The Department of Finance, Social and Family Affairs and the Department of Enterprise, Trade and Employment will also participate in a review of pension schemes, to be facilitated by the Department of the Taoiseach (Prime Minister). This will include the formulation of a social partner response to a government Green Paper on pensions policy. The Green Paper will outline the main policy choices and challenges in this area and devise a formal policy position on pensions within 12 months.
The new agreement also commits the government to transposing the optional pensions provision of the Transfer of Undertakings Directive into Irish law by the end of 2007. It stipulates that ‘the Pensions Board will be asked to develop an options paper, dealing with the technical issues that would arise.

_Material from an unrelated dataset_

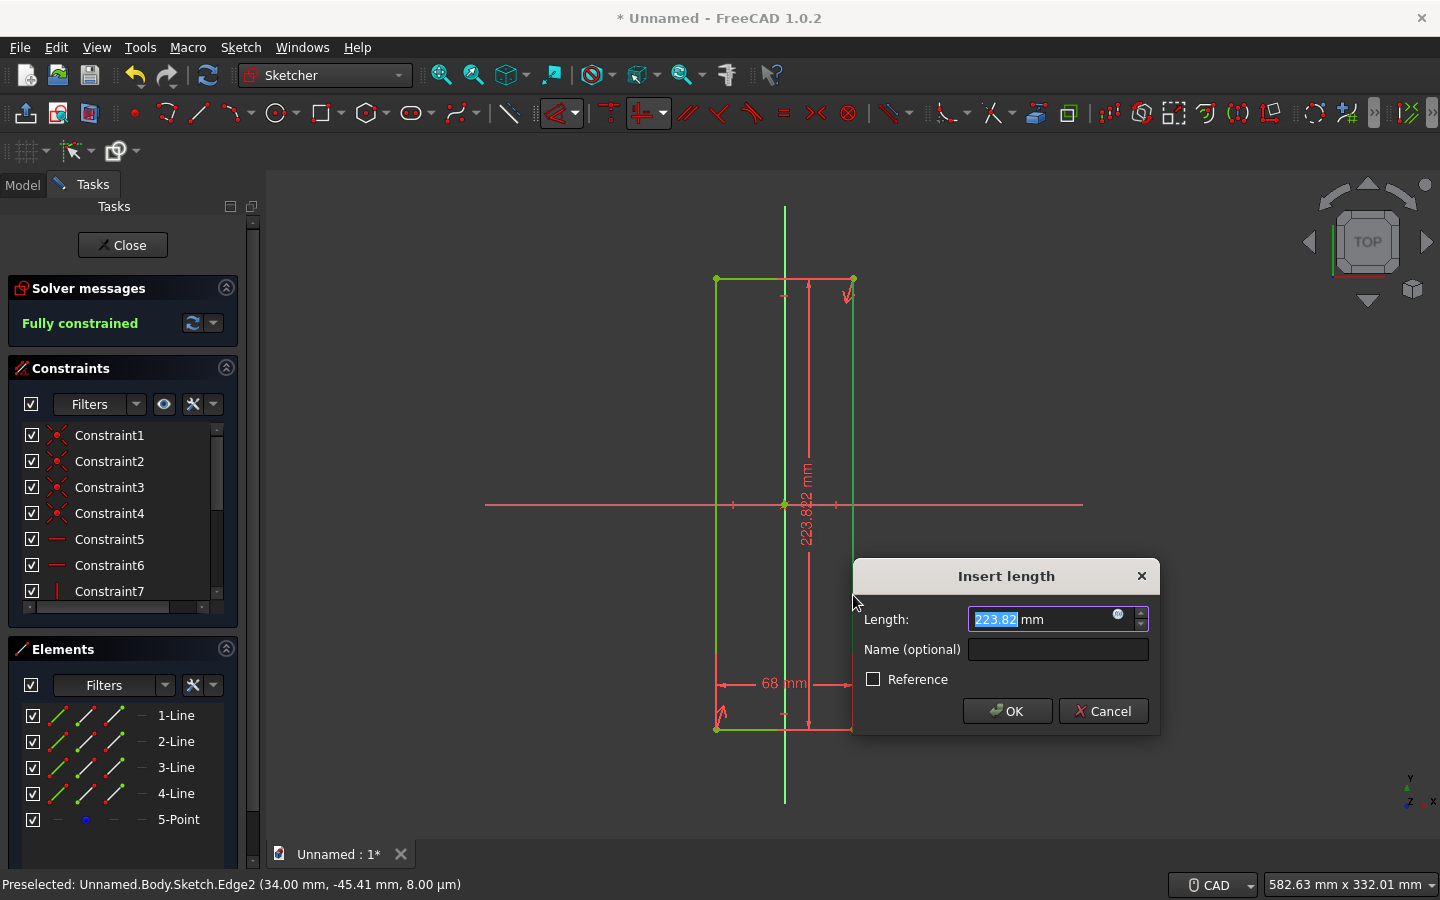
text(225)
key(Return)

In addition, the Board will take into account the extensive existing legislation and technical standards dealing with the disaggregation and merger of pension schemes.’
Employment rights and compliance
The main social partners also reached agreement on what became known as the ‘strand one’ issues. These issues are covered under the heading ‘Employment rights and compliance’. There are two distinct elements within this employment standards strand – the first concerning the enforcement of existing laws, the second involving the more complex area of acceptable behavioural norms or standards.
In the area of compliance, there is to be a ‘major enhancement and expansion of the existing Labour Inspectorate’ with a view to increasing its effectiveness. A new statutory Office of the Director of Employment Rights Compliance (ODERC) will be established under the aegis of the Department of Enterprise, Trade and Employment. The number of labour inspectors under the ODERC will increase from the current 31 inspectors to 90 inspectors by the end of 2007.
New legislation giving effect to these changes will also allow authorised officers of the Department of Enterprise, Trade and Employment and ODERC to liaise with the Department of Social Welfare and Family Affairs and the Revenue Commissioners, so that they can ‘work together in Joint Investigation Units’.
In addition, further new legislation will be published next year ‘to provide that every employee must have an identifiable employer within the state who has a legal responsibility for compliance with all aspects of the applicable employment rights legislation’. The penalty for non-maintenance of statutory employment records will be up to €250,000 on indictment.
Action against ‘compulsory replacement’
A number of changes are planned to address the issue of employment rights, primarily in response to the Irish Ferries dispute in 2005, mentioned above. In the Irish Ferries case, the employer offered a redundancy package and replaced a majority of the jobs with lower-paid posts. The unions objected to this approach on the grounds that it represented a new form of ‘job displacement’.
The new agreement states that the possibility of the collective compulsory replacement of workers by lower paid workers from new EU Member States has, in certain circumstances, the potential to be harmful to maintaining good industrial relations.
To counteract such developments, a special Redundancy Panel is to be established to advise the Minister for Enterprise and Employment on whether a particular case should be referred to the Labour Court for a ‘binding opinion’, which could be appealed by either party through the Employment Appeals Tribunal. Specific criteria will be applied to identify such cases, as ‘normal and legitimate’ business activity must not be affected.
To avoid any confusion, it has been agreed that this special mechanism will not apply to the employment of agency workers, to situations where temporary business needs are involved, or in cases where outsourcing or the contracting out of services is being used. This means that normal business restructuring will not be affected.